Eine Cochrane-Review von 2010 über 9 randomisierte, doppelblinde, Placebo-kontrollierte Studien hat die Wirksamkeit und die Nebenwirkungen von Ginseng-Supplementierung zur Verbesserung der kognitiven Funktion bei gesunden Probanden (8 Versuche) und bei jenen mit altersbedingten Gedächtnisstörungen (1 Versuch) untersucht (4). Die Analyse ergab keine schwerwiegenden unerwünschten Wirkungen mit Ginseng-Ergänzung, aber es gab keine überzeugenden Beweise für eine verbesserte kognitive Funktion bei gesunden Probanden oder Menschen mit der Diagnose Demenz. Eine koreanische Längsschnittstudie ergab, dass die Einnahme von Ginseng über einen Zeitraum von mehr als 5 Jahren für die kognitiven Fähigkeiten von in Gemeinschaftseinrichtungen lebenden älteren Erwachsenen von Vorteil sein kann (7).

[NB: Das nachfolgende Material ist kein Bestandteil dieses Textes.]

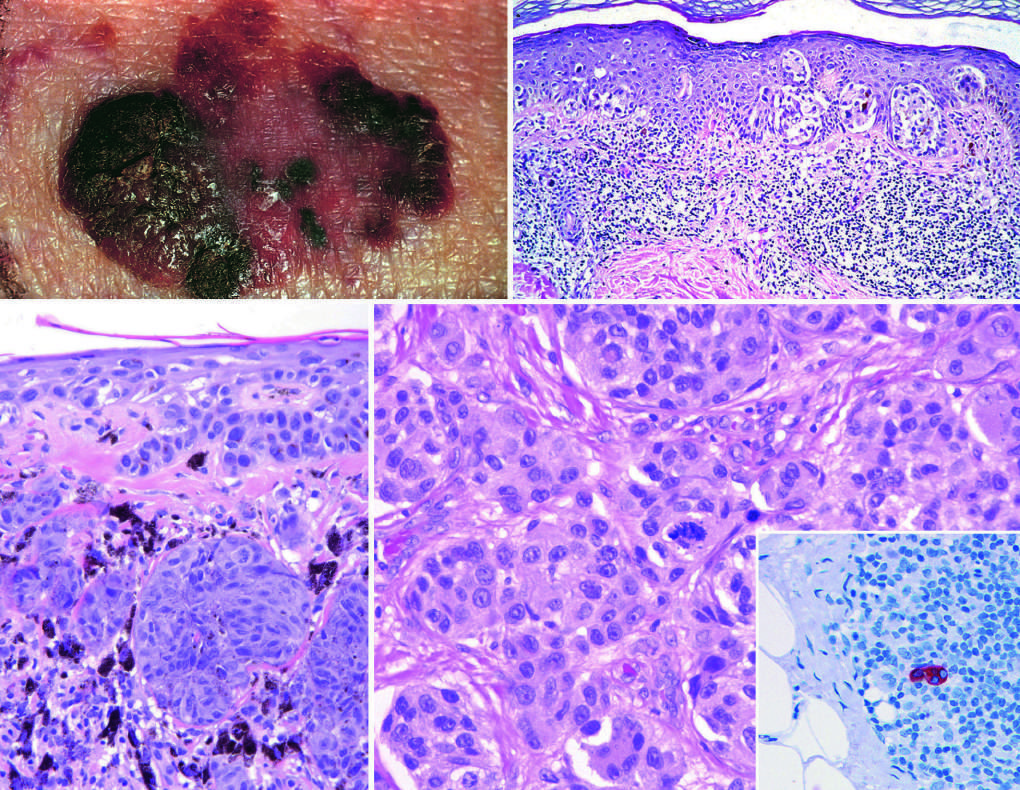do lesions tend to be larger than nevi, with irregular contours and variable pigmentation?
Answer the question using a single word or phrase. Yes

Eine systematische Cochrane-Überprüfung von Ginseng zur Verbesserung der Erektionsfähigkeit aus dem Jahr 2021 umfasste 9 Studien (587 Teilnehmer), in denen die Wirkung von Ginseng mit der eines Placebos verglichen wurde. Die Überprüfung ergab, dass Ginseng im Vergleich zu Placebo eine geringfügige Auswirkung auf die erektile Funktion haben kann (8).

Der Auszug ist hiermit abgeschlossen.